Chairman of the Legislative Assembly of Kyrgyzstan
- In office 29 March 1995 – 15 November 1996
- President: Askar Akayev
- Prime Minister: Apas Jumagulov
- Succeeded by: Usup Mukambayev

Minister of Justice
- In office 1993–1995
- President: Askar Akayev
- Prime Minister: Apas Jumagulov
- Preceded by: Usup Mukambaev
- Succeeded by: Larisa Gutnichenko

Personal details
- Born: Mukar Shaltakovich Cholponbayev 29 March 1950 Oruktu village, Issyk-Kul Region, Kyrgyz SSR, USSR (now Kyrgyzstan)
- Died: 24 May 2020 (aged 70) Bishkek, Kyrgyzstan

= Mukar Cholponbayev =

Kyrgyz politician (1950–2020)

Mukar Shaltakovich Cholponbayev (Мукар Шалтакович Чолпонбаев; 29 March 1950 – 24 May 2020) was a Kyrgyzstani politician.

==Life==
Cholponbayev was born on 29 March 1950 in Issyk-Kul Region, Kyrgyz SSR. He graduated from Kyrgyz National University in 1976. From 1984 to 1991, he served as Deputy Head of the Legal Department of the Supreme Council of the Kyrgyz SSR, and later was promoted to Head of the Legal Department.

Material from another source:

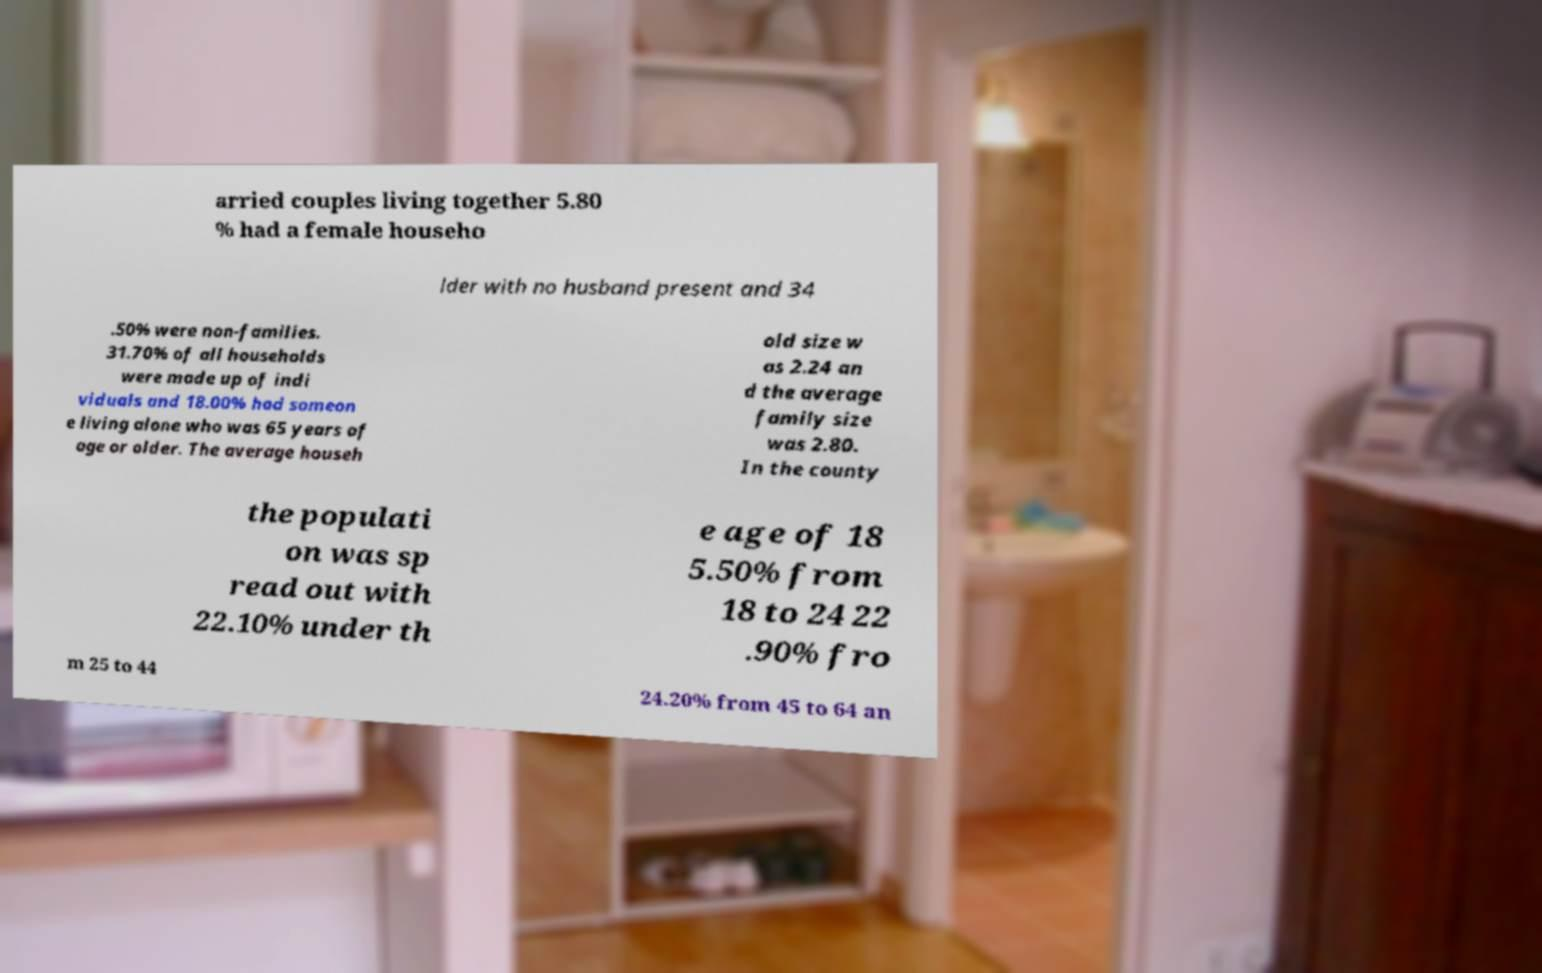Could you assist in decoding the text presented in this image and type it out clearly? arried couples living together 5.80 % had a female househo lder with no husband present and 34 .50% were non-families. 31.70% of all households were made up of indi viduals and 18.00% had someon e living alone who was 65 years of age or older. The average househ old size w as 2.24 an d the average family size was 2.80. In the county the populati on was sp read out with 22.10% under th e age of 18 5.50% from 18 to 24 22 .90% fro m 25 to 44 24.20% from 45 to 64 an 
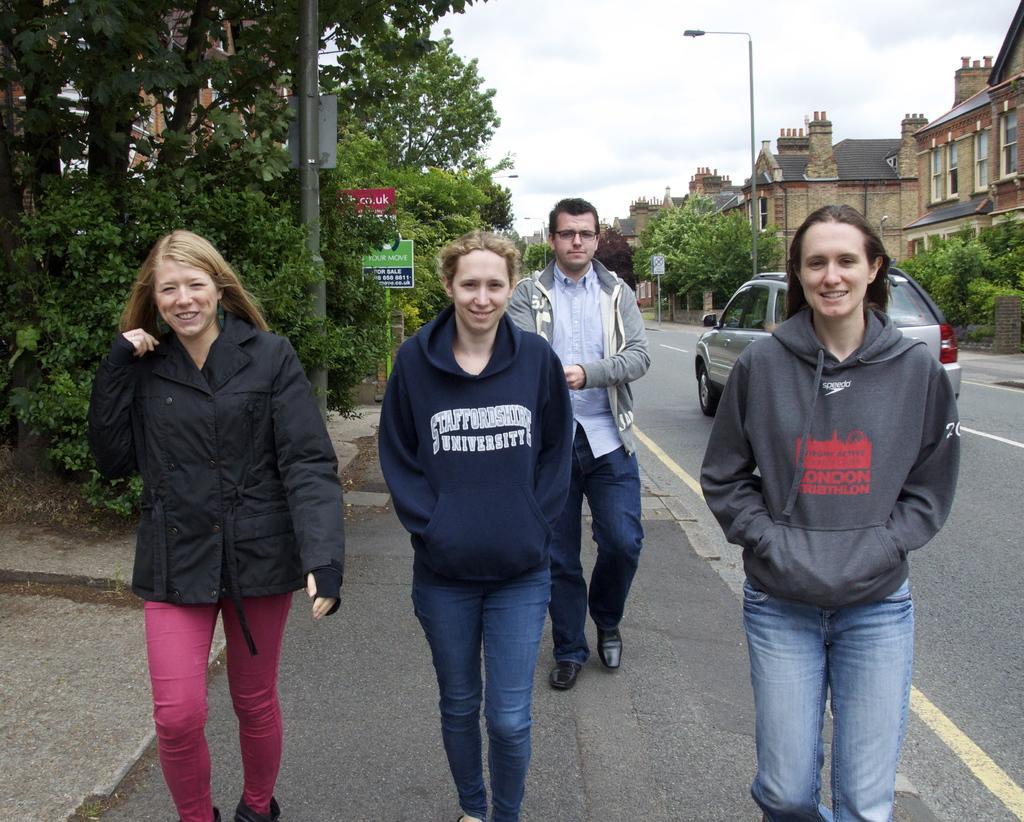In one or two sentences, can you explain what this image depicts? In this image we can see few persons on the road. In the background we can see a vehicle on the road, trees, boards on a pole, buildings, windows and clouds in the sky. 
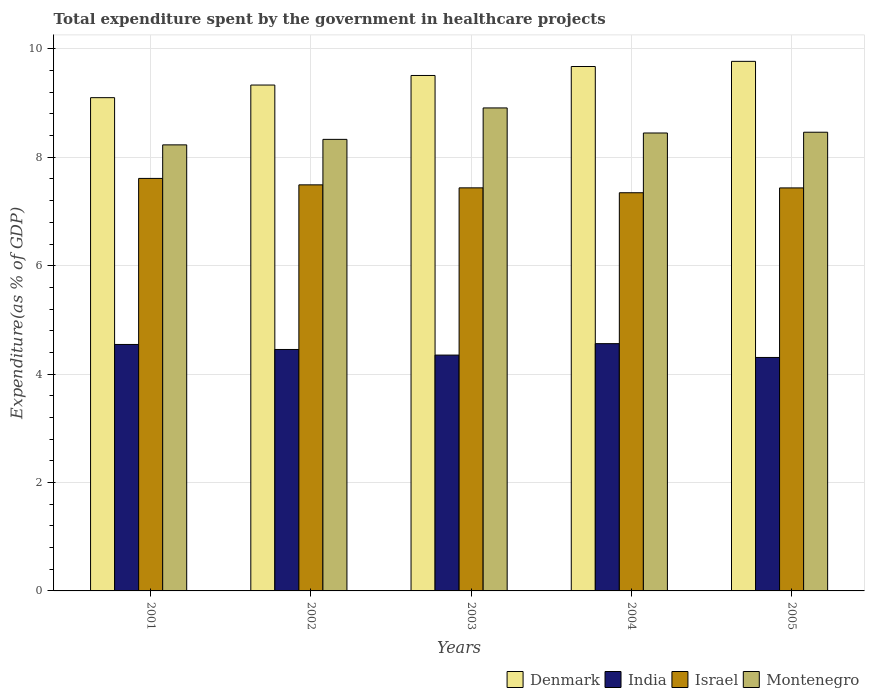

After the collapse of the Soviet Union, from 1991 to 1993, he served as the Head of Department of Justice of Chuy Region, and Head of the Presidential Administration Department. Later, he served as Minister of Justice (1993–95), and the Chairman of the Legislative Assembly of Kyrgyzstan (1995–96).

He died in Bishkek on 24 May 2020, after contracting COVID-19 during the COVID-19 pandemic in Kyrgyzstan.